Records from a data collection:
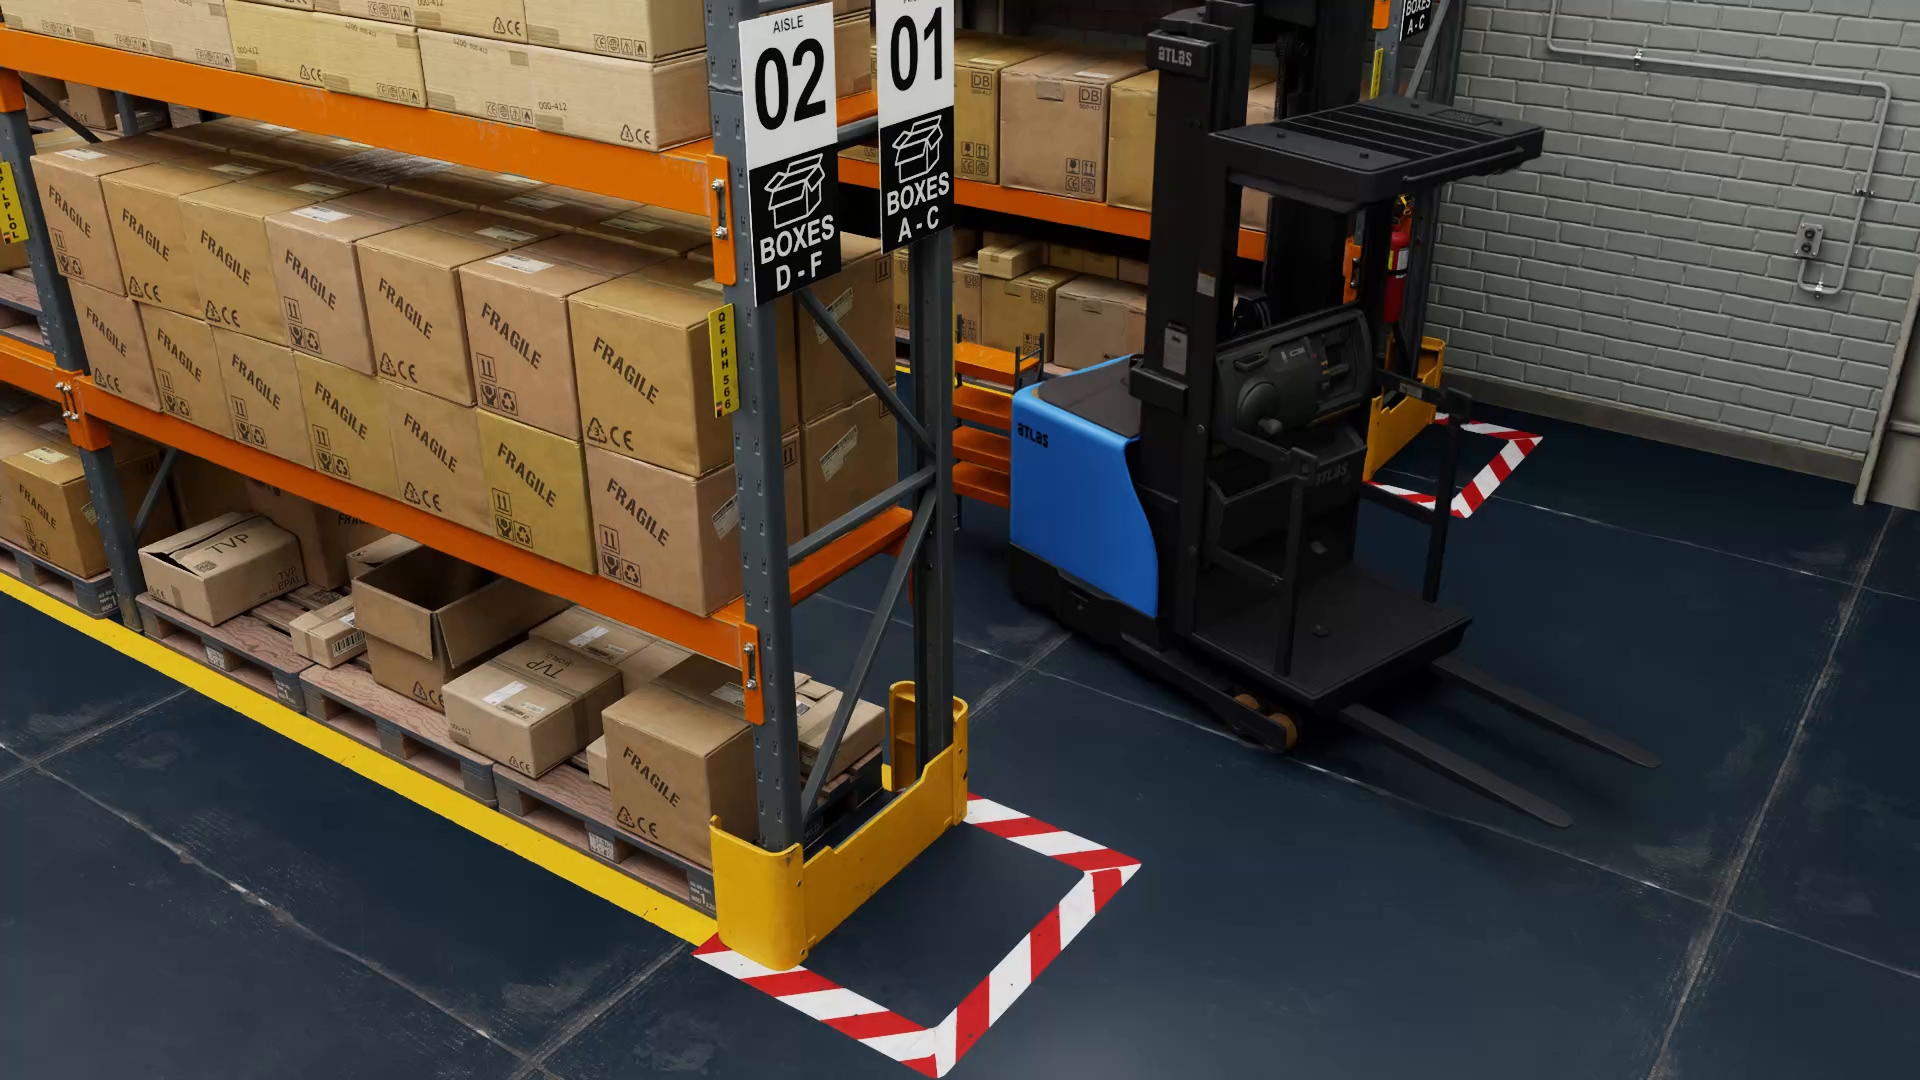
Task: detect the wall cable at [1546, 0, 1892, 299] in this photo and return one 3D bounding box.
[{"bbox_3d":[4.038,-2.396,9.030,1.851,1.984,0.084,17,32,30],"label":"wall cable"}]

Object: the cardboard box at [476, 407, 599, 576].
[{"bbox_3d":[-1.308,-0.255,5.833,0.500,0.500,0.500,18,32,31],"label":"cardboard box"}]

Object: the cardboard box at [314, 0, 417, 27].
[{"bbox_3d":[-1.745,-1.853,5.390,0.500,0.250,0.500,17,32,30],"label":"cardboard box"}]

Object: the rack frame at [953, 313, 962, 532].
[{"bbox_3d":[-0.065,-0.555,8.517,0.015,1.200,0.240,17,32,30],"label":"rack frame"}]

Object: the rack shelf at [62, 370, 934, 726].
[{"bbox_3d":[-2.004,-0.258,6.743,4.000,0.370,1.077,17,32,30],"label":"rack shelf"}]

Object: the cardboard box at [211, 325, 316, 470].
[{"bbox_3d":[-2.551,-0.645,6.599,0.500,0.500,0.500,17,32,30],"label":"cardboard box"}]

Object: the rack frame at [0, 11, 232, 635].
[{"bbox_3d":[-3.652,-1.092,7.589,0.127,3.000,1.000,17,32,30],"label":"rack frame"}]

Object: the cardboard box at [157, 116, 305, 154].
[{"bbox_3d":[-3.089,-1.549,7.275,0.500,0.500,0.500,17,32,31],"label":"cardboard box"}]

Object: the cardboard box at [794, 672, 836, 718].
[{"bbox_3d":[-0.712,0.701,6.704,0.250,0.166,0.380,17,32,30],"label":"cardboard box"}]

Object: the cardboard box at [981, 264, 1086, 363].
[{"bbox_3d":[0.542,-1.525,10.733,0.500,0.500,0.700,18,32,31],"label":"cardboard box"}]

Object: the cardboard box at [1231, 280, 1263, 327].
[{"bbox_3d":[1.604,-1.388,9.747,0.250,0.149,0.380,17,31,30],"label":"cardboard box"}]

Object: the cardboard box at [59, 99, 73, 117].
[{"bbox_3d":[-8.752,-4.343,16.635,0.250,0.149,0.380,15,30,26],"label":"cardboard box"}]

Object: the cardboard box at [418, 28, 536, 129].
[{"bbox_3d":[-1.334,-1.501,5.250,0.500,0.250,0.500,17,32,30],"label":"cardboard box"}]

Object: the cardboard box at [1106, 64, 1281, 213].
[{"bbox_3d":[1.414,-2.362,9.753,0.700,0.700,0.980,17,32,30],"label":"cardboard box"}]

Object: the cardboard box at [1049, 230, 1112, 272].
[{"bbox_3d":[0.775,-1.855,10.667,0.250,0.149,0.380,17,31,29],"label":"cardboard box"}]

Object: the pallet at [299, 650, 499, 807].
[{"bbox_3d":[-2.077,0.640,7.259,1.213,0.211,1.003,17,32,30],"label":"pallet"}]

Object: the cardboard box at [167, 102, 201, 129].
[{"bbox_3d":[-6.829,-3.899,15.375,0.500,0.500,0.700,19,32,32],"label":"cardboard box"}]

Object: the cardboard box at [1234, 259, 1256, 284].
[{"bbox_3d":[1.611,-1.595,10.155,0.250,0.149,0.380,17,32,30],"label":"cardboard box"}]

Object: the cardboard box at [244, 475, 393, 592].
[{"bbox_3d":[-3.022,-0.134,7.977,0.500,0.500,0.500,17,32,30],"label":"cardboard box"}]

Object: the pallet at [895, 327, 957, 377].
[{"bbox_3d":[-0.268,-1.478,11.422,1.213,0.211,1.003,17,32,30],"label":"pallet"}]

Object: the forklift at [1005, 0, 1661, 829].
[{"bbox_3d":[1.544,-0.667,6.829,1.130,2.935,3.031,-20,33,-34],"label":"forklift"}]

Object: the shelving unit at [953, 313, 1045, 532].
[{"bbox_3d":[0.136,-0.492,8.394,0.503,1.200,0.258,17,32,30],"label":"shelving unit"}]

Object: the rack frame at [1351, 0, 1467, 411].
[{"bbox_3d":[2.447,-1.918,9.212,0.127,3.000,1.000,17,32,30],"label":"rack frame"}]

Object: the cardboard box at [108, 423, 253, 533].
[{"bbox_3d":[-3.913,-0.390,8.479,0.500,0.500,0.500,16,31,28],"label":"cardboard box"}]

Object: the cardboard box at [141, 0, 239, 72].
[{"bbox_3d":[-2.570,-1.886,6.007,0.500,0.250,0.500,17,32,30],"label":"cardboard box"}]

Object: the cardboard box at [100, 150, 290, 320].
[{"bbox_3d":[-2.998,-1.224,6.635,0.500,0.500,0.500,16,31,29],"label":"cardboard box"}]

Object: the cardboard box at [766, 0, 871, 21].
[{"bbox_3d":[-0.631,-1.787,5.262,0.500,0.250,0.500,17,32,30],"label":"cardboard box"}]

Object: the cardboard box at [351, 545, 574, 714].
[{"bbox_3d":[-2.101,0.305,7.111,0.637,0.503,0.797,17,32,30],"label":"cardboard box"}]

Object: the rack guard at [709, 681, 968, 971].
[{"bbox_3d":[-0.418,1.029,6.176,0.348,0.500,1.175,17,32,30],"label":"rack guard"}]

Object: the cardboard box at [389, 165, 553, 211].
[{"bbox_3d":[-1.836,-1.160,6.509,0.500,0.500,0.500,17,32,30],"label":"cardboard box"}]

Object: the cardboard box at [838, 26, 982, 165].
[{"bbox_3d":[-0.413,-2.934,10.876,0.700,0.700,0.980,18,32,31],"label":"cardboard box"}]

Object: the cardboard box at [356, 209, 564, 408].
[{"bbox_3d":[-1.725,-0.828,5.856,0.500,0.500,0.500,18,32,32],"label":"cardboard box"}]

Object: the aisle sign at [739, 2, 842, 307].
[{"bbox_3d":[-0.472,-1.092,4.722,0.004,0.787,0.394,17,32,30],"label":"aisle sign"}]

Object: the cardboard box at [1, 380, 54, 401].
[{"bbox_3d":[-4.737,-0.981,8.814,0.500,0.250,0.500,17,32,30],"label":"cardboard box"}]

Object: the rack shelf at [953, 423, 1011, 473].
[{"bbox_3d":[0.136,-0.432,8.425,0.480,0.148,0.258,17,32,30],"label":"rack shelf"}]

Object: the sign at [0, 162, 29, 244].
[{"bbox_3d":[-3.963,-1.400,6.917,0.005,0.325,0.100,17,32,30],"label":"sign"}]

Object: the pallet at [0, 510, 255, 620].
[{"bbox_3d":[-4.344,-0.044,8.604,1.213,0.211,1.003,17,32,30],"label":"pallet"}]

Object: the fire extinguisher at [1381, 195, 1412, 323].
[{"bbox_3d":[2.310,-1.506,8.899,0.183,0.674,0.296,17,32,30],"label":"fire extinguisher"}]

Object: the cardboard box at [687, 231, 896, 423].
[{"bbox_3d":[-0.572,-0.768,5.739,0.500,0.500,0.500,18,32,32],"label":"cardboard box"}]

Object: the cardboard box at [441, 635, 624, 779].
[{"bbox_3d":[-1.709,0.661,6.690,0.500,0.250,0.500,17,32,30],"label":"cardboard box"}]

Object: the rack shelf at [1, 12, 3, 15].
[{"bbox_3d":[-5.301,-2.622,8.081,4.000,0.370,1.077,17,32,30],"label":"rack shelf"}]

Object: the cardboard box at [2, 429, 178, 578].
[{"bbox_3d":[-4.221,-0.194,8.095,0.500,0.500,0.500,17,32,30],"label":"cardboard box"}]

### What the task requires
Repeat exactly, and only, the lines of the records above, starting with the line that contains "Object: the cardboard box at [441, 635, 624, 779]." and ending with the final line, both included.

### Answer box
Object: the cardboard box at [441, 635, 624, 779].
[{"bbox_3d":[-1.709,0.661,6.690,0.500,0.250,0.500,17,32,30],"label":"cardboard box"}]

Object: the rack shelf at [1, 12, 3, 15].
[{"bbox_3d":[-5.301,-2.622,8.081,4.000,0.370,1.077,17,32,30],"label":"rack shelf"}]

Object: the cardboard box at [2, 429, 178, 578].
[{"bbox_3d":[-4.221,-0.194,8.095,0.500,0.500,0.500,17,32,30],"label":"cardboard box"}]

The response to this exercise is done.